**YOUR GOAL**
All of the data, word for word and free of pictures, is the expected result.

**ENTRIES SHOWN**
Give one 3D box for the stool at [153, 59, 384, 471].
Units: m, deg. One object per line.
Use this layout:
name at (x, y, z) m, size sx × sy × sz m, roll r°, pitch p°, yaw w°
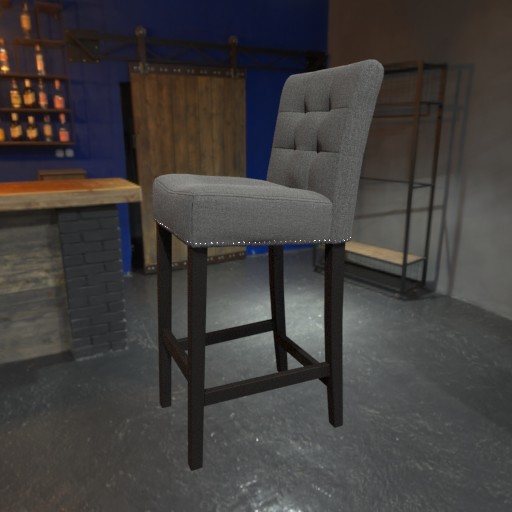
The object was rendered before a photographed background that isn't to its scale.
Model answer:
stool at (0.000, 0.000, 1.299) m, size 0.548 × 1.047 × 0.411 m, roll -8°, pitch 18°, yaw -25°
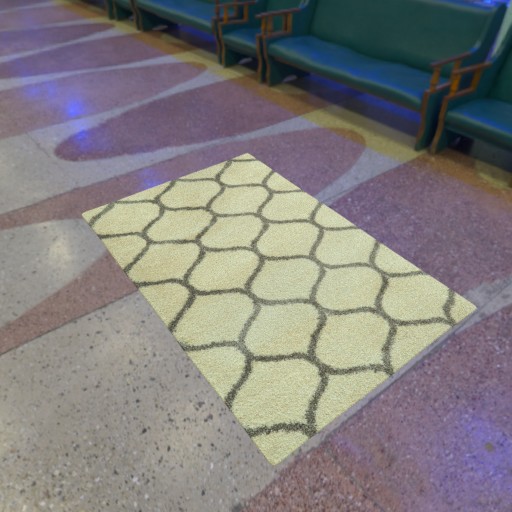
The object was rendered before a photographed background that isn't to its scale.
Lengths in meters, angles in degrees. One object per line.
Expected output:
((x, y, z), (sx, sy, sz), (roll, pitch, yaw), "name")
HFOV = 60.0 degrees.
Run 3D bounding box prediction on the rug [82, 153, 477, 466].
((0.000, 0.000, 3.460), (1.801, 0.026, 2.701), (-26, 48, -27), "rug")
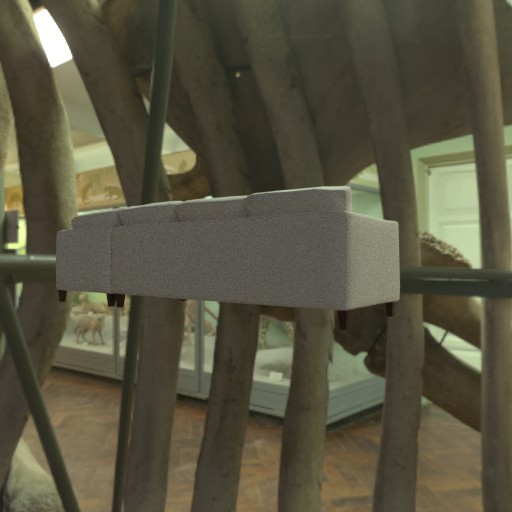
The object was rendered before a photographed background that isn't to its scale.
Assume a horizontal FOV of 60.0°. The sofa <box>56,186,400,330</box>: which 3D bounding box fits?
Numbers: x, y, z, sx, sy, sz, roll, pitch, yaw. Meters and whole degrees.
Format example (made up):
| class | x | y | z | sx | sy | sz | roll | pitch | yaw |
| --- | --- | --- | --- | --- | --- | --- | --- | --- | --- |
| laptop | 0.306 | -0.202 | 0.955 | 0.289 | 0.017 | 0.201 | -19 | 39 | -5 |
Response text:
| class | x | y | z | sx | sy | sz | roll | pitch | yaw |
| --- | --- | --- | --- | --- | --- | --- | --- | --- | --- |
| sofa | 0.000 | 0.000 | 4.632 | 3.302 | 0.947 | 2.593 | 0 | -1 | 36 |

**RESULT**
Give one 3D box for the stool at [153, 59, 384, 471].
Units: m, deg. One object per line.
Use this layout:
name at (x, y, z) m, size sx × sy × sz m, roll r°, pitch p°, yaw w°
The object was rendered before a photographed background that isn't to its scale.
Model answer:
stool at (0.000, 0.000, 1.299) m, size 0.548 × 1.047 × 0.411 m, roll -8°, pitch 18°, yaw -25°
The object was rendered before a photographed background that isn't to its scale.
Lengths in meters, angles in degrees. One object per line.
Expected output:
((x, y, z), (sx, sy, sz), (roll, pitch, yaw), "name")
HFOV = 60.0 degrees.
Run 3D bounding box prediction on the rug [82, 153, 477, 466].
((0.000, 0.000, 3.460), (1.801, 0.026, 2.701), (-26, 48, -27), "rug")
The object was rendered before a photographed background that isn't to its scale.
Assume a horizontal FOV of 60.0°. The sofa <box>56,186,400,330</box>: which 3D bounding box fits?
Numbers: x, y, z, sx, sy, sz, roll, pitch, yaw. Meters and whole degrees.
Format example (made up):
| class | x | y | z | sx | sy | sz | roll | pitch | yaw |
| --- | --- | --- | --- | --- | --- | --- | --- | --- | --- |
| laptop | 0.306 | -0.202 | 0.955 | 0.289 | 0.017 | 0.201 | -19 | 39 | -5 |
Response text:
| class | x | y | z | sx | sy | sz | roll | pitch | yaw |
| --- | --- | --- | --- | --- | --- | --- | --- | --- | --- |
| sofa | 0.000 | 0.000 | 4.632 | 3.302 | 0.947 | 2.593 | 0 | -1 | 36 |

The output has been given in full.